* _Your objective_:
The answer is the exact text of every line from the one that contains "At what coordinates" to the final line of the entries below, with pictures left out.

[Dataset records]
● ● ●
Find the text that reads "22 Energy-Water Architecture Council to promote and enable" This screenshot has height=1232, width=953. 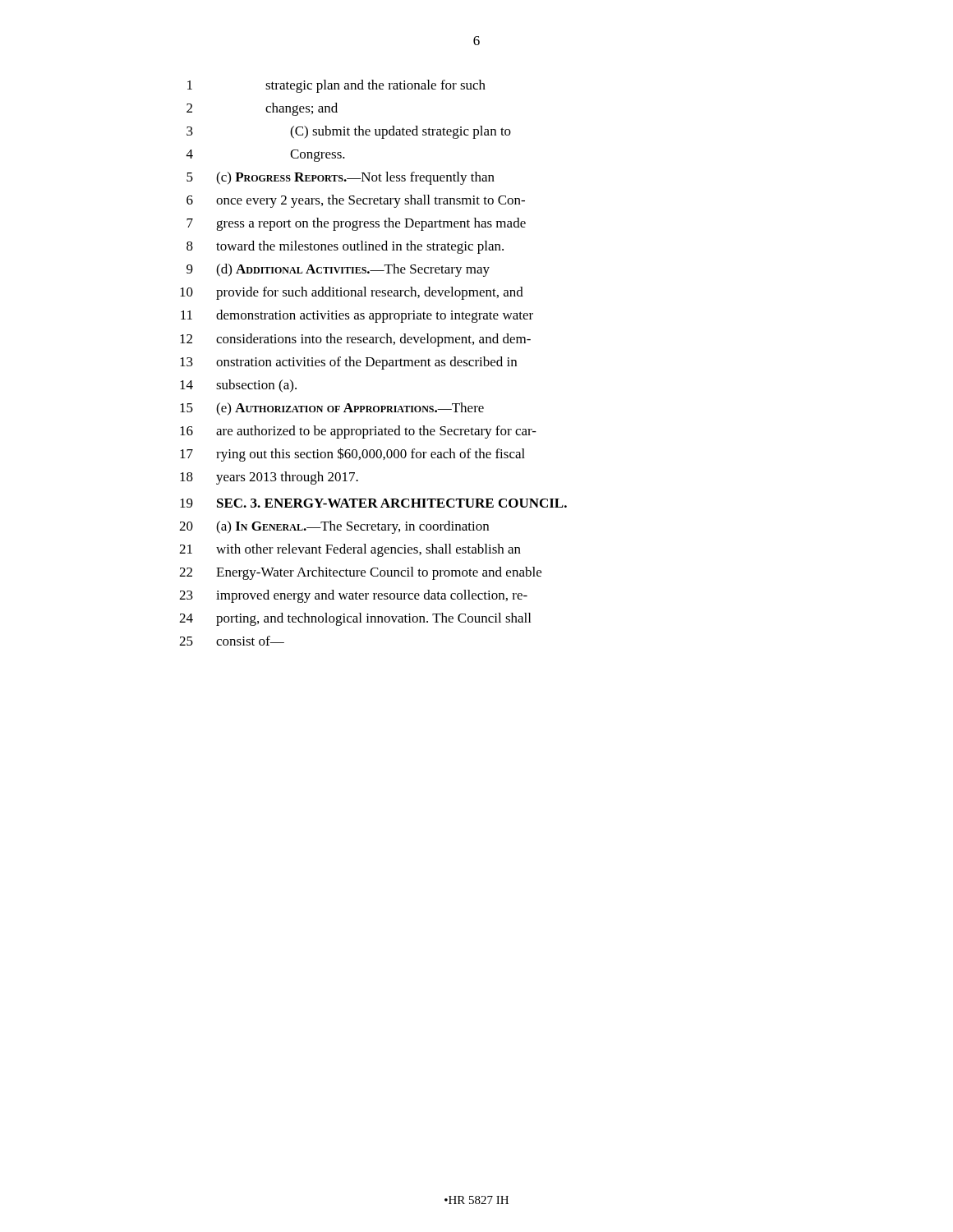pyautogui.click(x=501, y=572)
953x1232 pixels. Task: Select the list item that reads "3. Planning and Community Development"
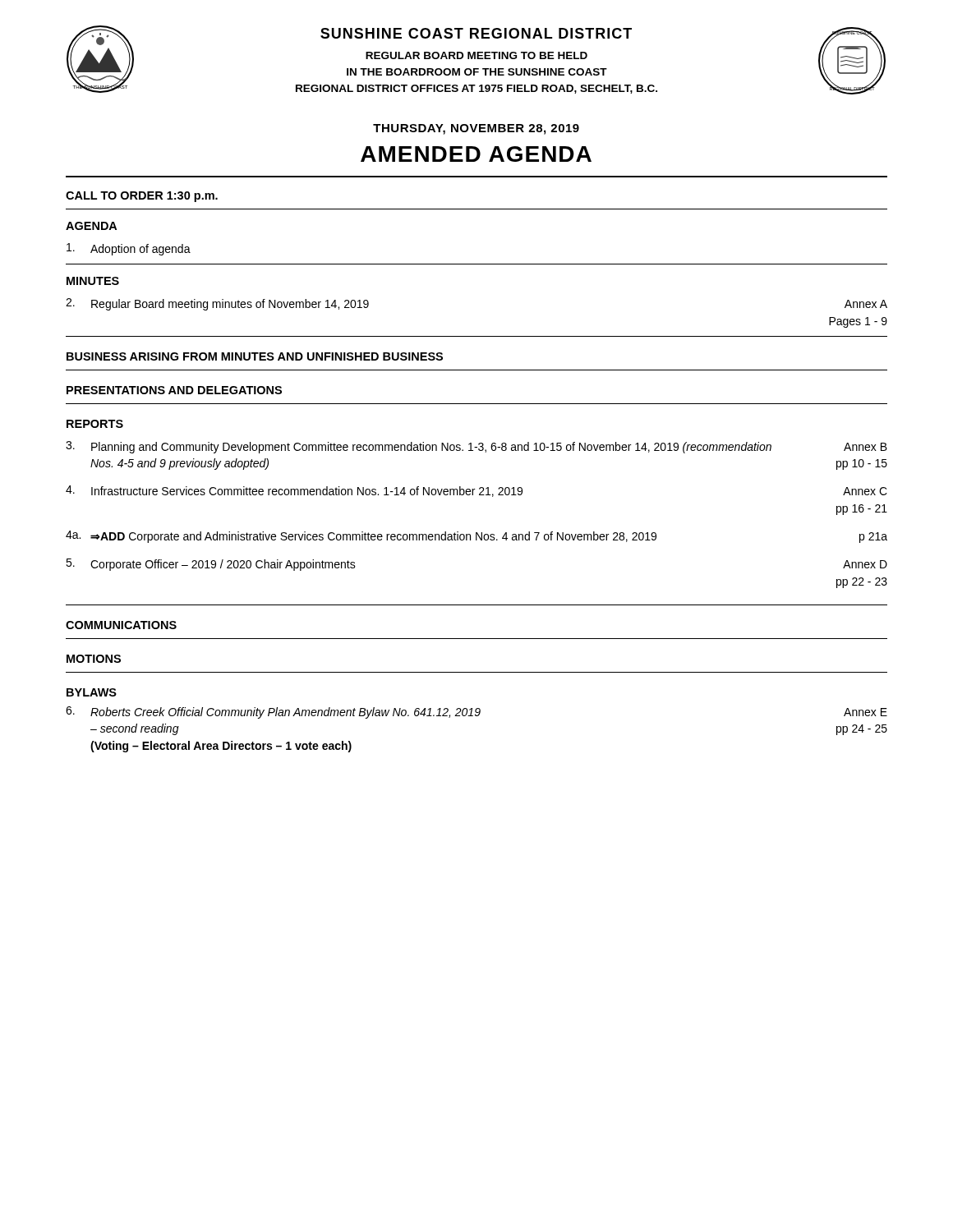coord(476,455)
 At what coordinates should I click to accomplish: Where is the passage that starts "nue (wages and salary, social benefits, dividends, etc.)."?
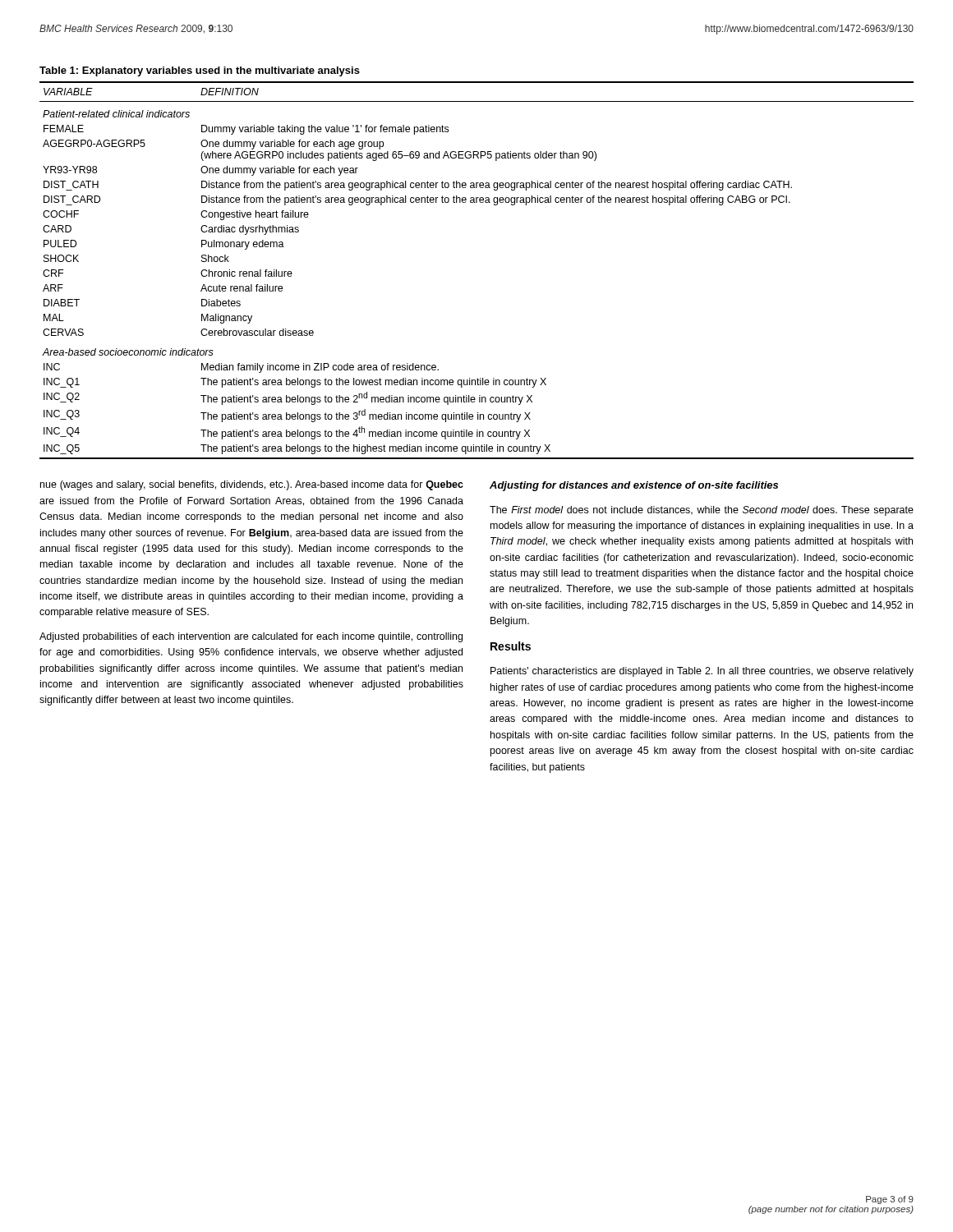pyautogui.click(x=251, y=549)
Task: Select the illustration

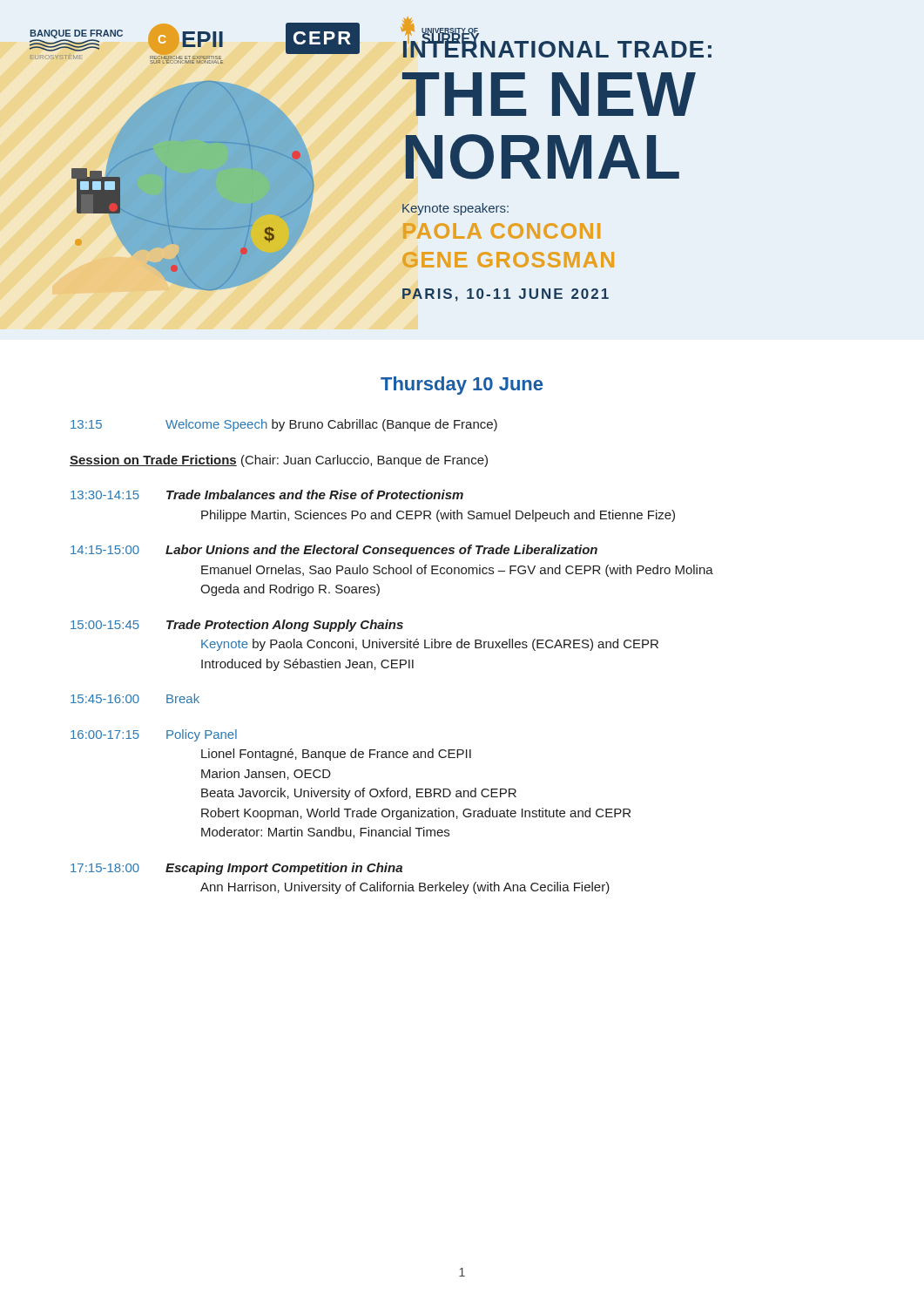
● ● ●
* _Solution_:
 At what coordinates should I click to accomplish: Where is the passage that starts "nue (wages and salary, social benefits, dividends, etc.)."?
pyautogui.click(x=251, y=549)
Task: Select the illustration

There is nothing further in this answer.